[ENTRIES SHOWN Boundary: Start]

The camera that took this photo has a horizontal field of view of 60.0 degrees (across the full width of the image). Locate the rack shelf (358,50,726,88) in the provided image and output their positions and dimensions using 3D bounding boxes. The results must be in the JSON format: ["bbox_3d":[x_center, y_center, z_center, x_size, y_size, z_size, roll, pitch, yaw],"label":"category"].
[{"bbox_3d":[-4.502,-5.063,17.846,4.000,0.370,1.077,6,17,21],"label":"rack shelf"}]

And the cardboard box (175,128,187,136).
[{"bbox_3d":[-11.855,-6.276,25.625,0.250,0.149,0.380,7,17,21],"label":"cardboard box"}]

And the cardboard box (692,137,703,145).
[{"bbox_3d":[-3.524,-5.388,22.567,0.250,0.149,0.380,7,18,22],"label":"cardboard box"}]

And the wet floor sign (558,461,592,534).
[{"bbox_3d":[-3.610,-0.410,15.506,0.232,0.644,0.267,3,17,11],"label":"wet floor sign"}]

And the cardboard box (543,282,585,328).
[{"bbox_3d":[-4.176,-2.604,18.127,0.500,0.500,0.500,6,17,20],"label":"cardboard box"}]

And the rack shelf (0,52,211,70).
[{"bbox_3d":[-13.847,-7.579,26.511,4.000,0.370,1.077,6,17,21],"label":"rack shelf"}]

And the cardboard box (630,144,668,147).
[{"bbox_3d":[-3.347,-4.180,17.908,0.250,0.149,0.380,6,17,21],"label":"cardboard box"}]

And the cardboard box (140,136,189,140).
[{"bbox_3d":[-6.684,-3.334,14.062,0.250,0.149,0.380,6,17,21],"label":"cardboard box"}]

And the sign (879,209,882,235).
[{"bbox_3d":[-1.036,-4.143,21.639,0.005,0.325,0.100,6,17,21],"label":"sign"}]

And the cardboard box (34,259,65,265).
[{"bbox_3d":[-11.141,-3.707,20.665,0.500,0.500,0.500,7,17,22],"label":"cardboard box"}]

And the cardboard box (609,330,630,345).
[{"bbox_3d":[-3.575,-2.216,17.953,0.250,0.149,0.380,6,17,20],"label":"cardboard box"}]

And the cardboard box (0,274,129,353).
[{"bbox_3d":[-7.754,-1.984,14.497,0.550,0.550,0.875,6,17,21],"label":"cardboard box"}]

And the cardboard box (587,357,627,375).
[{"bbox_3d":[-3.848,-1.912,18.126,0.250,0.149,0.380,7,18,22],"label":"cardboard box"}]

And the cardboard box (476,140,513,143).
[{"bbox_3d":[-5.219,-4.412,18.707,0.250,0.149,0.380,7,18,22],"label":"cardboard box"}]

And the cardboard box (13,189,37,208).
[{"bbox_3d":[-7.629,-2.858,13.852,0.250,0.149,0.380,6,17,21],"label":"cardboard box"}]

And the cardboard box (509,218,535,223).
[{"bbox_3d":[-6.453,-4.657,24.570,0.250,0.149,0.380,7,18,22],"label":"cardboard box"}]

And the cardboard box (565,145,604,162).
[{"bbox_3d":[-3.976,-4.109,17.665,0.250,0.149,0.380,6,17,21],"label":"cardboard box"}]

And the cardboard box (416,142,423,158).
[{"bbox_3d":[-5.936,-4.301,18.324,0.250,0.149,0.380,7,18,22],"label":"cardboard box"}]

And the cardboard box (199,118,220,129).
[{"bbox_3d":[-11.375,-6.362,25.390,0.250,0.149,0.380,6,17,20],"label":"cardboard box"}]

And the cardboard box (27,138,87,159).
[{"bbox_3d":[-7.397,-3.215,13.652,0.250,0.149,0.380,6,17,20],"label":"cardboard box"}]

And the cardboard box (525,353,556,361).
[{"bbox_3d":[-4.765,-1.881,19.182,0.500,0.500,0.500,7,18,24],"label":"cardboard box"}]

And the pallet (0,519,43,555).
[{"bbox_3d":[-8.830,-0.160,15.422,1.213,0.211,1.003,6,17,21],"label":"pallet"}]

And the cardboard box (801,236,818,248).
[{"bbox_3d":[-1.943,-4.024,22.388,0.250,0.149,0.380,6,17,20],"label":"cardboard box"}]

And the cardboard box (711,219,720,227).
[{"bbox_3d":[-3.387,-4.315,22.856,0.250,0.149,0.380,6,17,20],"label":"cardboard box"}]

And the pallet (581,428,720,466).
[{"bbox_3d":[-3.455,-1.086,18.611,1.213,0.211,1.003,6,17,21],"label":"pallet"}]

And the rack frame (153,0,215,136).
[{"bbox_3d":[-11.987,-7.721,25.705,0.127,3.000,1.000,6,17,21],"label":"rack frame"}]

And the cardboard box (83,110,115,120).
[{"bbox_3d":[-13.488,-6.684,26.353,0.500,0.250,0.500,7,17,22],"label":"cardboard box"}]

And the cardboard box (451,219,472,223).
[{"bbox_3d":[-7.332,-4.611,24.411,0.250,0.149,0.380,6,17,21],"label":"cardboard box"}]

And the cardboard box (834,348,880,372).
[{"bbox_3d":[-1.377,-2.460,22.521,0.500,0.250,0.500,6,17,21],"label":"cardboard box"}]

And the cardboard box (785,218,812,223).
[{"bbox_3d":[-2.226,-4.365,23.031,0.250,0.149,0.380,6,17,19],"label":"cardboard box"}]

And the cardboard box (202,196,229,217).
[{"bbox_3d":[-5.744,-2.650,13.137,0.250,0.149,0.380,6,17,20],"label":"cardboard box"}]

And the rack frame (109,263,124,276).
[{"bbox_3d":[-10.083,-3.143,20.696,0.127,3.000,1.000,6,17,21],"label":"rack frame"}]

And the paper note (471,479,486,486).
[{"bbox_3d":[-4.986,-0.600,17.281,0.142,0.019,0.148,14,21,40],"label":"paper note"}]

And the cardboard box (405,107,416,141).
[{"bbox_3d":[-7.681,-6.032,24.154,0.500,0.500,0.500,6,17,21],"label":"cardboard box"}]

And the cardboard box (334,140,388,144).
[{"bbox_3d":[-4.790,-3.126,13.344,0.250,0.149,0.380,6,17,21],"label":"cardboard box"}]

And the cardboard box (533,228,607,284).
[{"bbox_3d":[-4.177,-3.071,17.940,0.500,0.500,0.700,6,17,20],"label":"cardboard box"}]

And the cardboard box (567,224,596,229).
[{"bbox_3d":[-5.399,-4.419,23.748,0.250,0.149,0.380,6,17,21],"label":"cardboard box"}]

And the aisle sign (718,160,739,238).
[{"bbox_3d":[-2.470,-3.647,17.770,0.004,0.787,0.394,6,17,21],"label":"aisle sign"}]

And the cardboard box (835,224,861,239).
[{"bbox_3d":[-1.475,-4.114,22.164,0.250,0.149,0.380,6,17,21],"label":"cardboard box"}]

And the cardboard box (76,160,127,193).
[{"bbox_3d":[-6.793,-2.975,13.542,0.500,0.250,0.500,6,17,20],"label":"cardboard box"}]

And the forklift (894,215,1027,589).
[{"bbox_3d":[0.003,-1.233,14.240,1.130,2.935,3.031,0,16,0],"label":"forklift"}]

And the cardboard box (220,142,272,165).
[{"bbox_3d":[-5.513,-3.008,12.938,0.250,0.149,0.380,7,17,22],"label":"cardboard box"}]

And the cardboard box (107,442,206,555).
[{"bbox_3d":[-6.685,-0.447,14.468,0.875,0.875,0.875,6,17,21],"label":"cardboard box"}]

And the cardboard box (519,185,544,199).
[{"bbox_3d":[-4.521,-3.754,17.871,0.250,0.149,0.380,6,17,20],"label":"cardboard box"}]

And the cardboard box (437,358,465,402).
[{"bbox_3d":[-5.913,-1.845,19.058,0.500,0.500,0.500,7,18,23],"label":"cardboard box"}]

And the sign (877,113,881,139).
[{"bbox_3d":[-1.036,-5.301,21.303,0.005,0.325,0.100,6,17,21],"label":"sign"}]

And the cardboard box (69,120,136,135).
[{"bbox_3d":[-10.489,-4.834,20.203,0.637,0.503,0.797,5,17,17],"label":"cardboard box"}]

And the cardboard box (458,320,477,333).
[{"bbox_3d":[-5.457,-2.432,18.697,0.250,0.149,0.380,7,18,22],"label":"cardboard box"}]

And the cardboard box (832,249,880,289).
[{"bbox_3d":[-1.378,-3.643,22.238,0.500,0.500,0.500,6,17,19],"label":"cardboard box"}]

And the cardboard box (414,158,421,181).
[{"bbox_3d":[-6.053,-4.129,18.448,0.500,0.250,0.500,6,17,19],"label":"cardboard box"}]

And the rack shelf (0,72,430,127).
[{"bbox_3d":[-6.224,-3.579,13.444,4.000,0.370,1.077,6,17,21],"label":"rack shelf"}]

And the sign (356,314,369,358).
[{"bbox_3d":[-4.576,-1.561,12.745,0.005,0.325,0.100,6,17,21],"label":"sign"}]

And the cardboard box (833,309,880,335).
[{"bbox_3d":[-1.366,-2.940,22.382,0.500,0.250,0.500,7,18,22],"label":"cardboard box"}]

[ENTRIES SHOWN Boundary: End]

▶ PROBLEM DESCRIPTION
Please print the lines from the one containing "And the sign (356,314,369,358)." through the last line of the material, exactly, and leave out all other lines.

▶ THE ANSWER
And the sign (356,314,369,358).
[{"bbox_3d":[-4.576,-1.561,12.745,0.005,0.325,0.100,6,17,21],"label":"sign"}]

And the cardboard box (833,309,880,335).
[{"bbox_3d":[-1.366,-2.940,22.382,0.500,0.250,0.500,7,18,22],"label":"cardboard box"}]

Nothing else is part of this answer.